On the surface interaction of C60 with superalkalis: a computational approach
Published in Molecular Physics, 2022
After the discovery of C60 fullerene [1], carbon nanostructures played a key role in the development of new advanced materials having potential applications ranging from solar cells to cancer therapy [2]. Due to its high electron affinity, fullerene can transport the charge effectively and consequently, can be used as a potential acceptor in photovoltaic cells [3]. Furthermore, C60 can act as an excellent electrophile and form stable C60n− systems, for n = 1–6, with the addition of electrons [4]. The space within the C60 allows encapsulating atoms or clusters, forming endohedral fullerenes [5–8]. When these atoms or clusters are attached to the outer surface of the C60, an exohedral fullerene is formed.

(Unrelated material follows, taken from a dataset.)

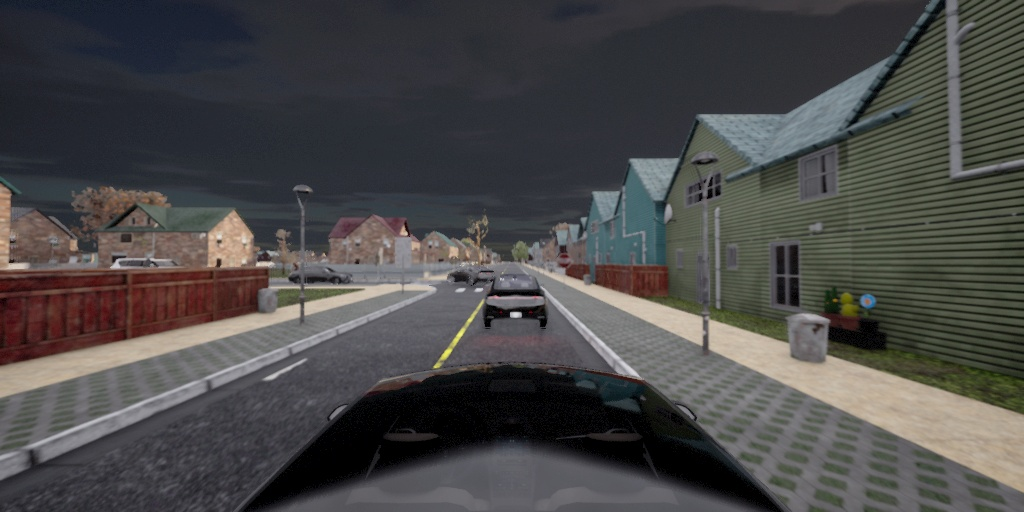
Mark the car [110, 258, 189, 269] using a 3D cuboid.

One of the important applications of exohedral fullerene is the superconducting behaviour of M3C60 (M = alkali metal) complexes with high transition temperature [9]. The reduction of C60 is also important due to the fact that neutral C60 shows poor reactivity towards electrophiles. This reduction to fullerenides activates the fullerene cage as C60 anions become electron-rich and consequently, react with electrophiles. Varganov et al. [10] studied the exohedral and endohedral complexes of C60 with Li atom. In this work, we study the interaction of C60 and superalkali (SA) clusters, which leads to SAC60 complexes.